Many of us do things we don’t want others to know about. We get very creative about how we hide what we’ve done, rationalizing that as long as no one finds out, everything is ok… Things like how much we’ve eaten, the money we’ve spent, who we are dating, where we were after work, etc. We justify the secrecy, the evasion and skirting of the truth by saying it’s no one else’s business.   We ‘don’t want to hear it’, fearing what others will say.
True, it may not be anyone else’s business, but why does it have to be hidden?  What will happen if others find out? If you are justified in what you are doing, why do you care what others will say?  After all, it’s your life - don’t you have the right to do what you want?   

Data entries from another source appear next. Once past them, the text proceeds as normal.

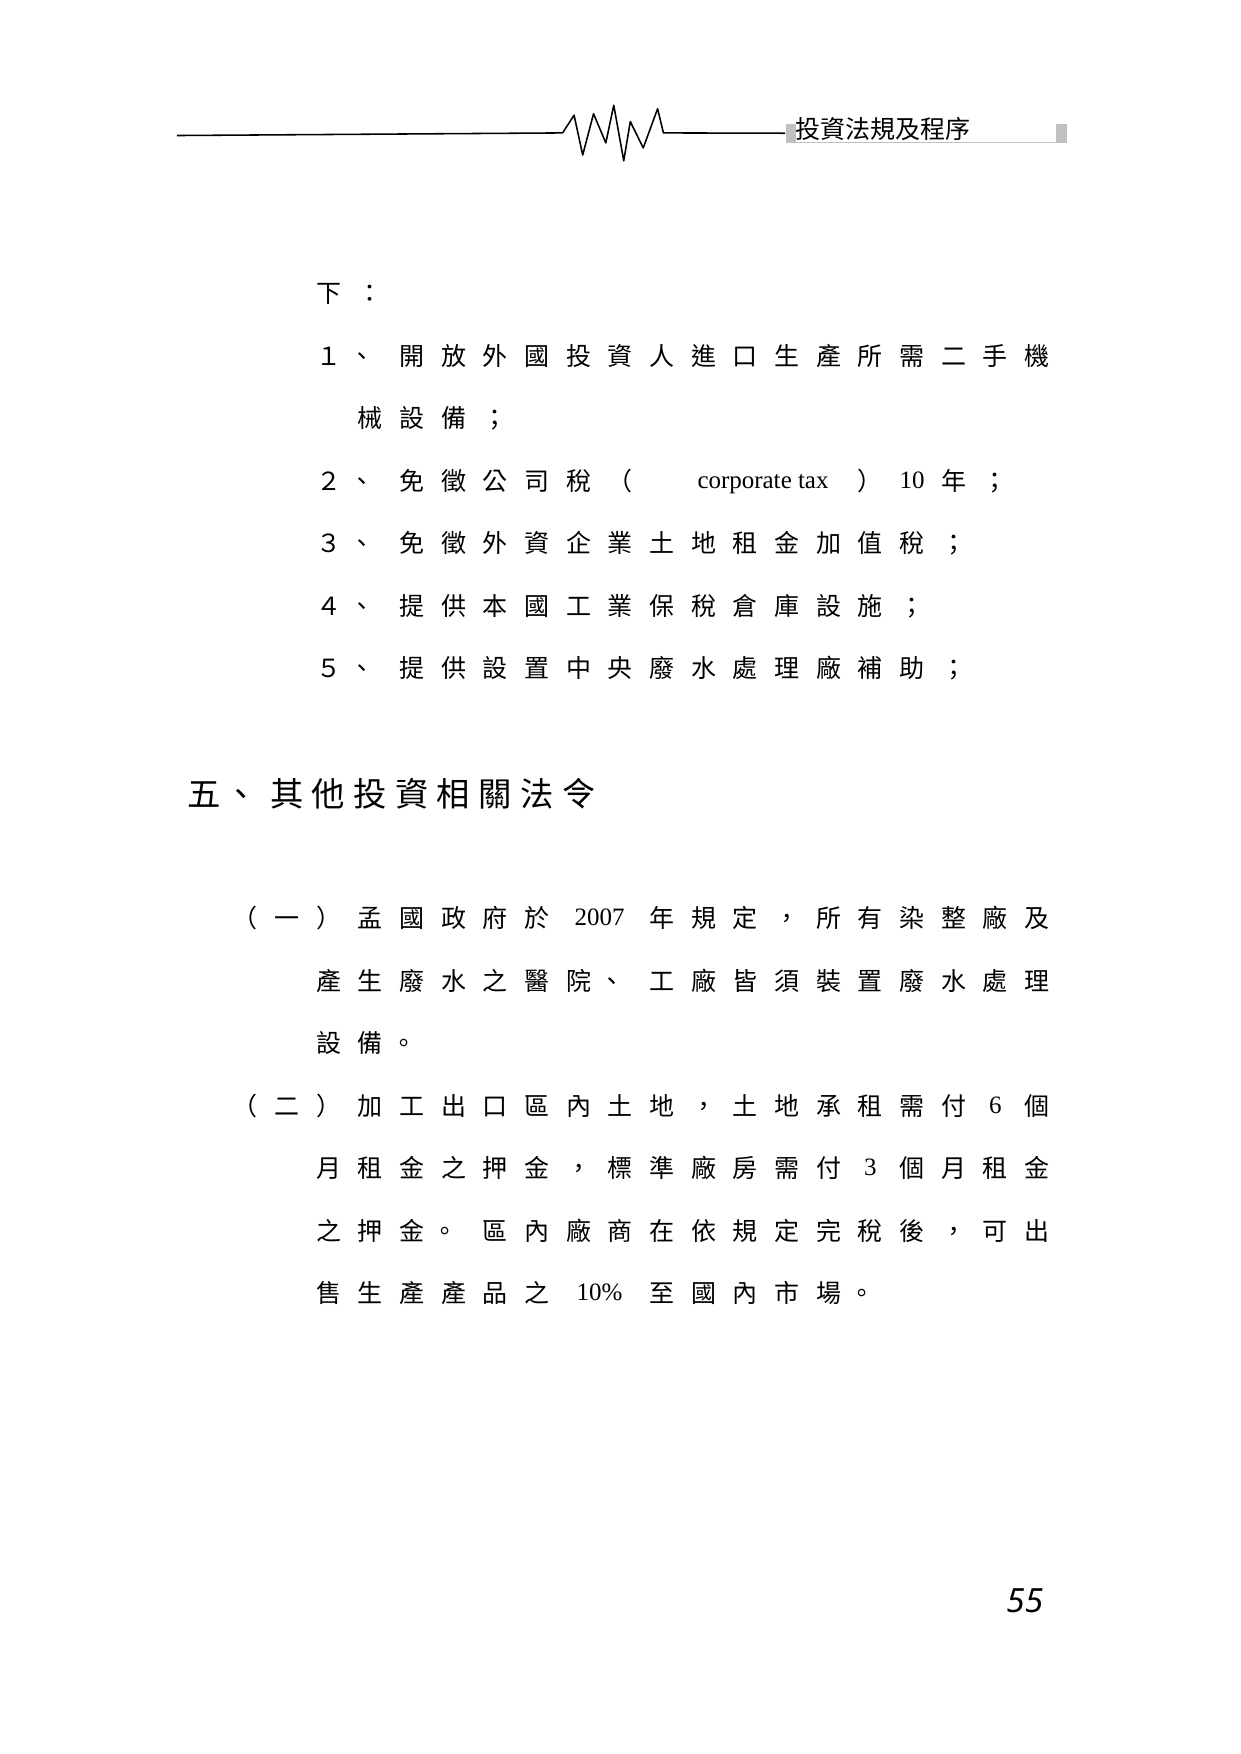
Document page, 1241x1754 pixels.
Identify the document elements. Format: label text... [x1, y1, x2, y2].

text （一）孟國政府於2007年規定，所有染整廠及產生廢水之醫院、工廠皆須裝置廢水處理設備。 [207, 875, 1058, 1063]
text １、開放外國投資人進口生產所需二手機械設備； [281, 313, 1058, 438]
text ５、提供設置中央廢水處理廠補助； [281, 625, 1058, 688]
text ４、提供本國工業保稅倉庫設施； [281, 563, 1058, 625]
text （二）加工出口區內土地，土地承租需付6個月租金之押金，標準廠房需付3個月租金之押金。區內廠商在依規定完稅後，可出售生產產品之10%至國內市場。 [207, 1063, 1058, 1313]
text 五、其他投資相關法令 [183, 750, 1058, 813]
text ２、免徵公司稅（ corporate tax ）10年； [281, 438, 1058, 500]
text 下： [207, 250, 1058, 313]
text ３、免徵外資企業土地租金加值稅； [281, 500, 1058, 563]

I believe that in many cases, hiding indicates guilt or shame.  Guilt and shame speak of an underlying belief that deep down we don't feel we deserve to have what we want. That we are not good enough, or worse, that we are a bad person for wanting what we want. We fear others reactions will only be further proof that we are bad.  If we keep it secret, no one will know. If no one knows, no one can judge us. 
Some will disagree, defending that they have a right to privacy.  Certainly not everything is appropriate to tell all people, but what if someone did find out, how would you feel? Would you feel confident and secure in your actions regardless of what others think or do, or would you immediately begin to backpedal, lie and manipulate things so that the truth remains hidden? 
A fear of being honest about the things we’ve done is a red flag. The next time you feel this, I encourage you to ask yourself why. Why don’t I want to ‘hear it’? Why don’t I want anyone to know? Is it truly because it’s a private matter or is it to allow me to continue to hide? Remember, hiding feels like shame. Shame is not feeling good enough.
You deserve to want what you want. Have the confidence and courage to own your actions.  If you can’t, if you simply can’t bear what someone will think, or what your actions say about you, then as I tried to convey to my children, maybe it’s not something you really want to be doing.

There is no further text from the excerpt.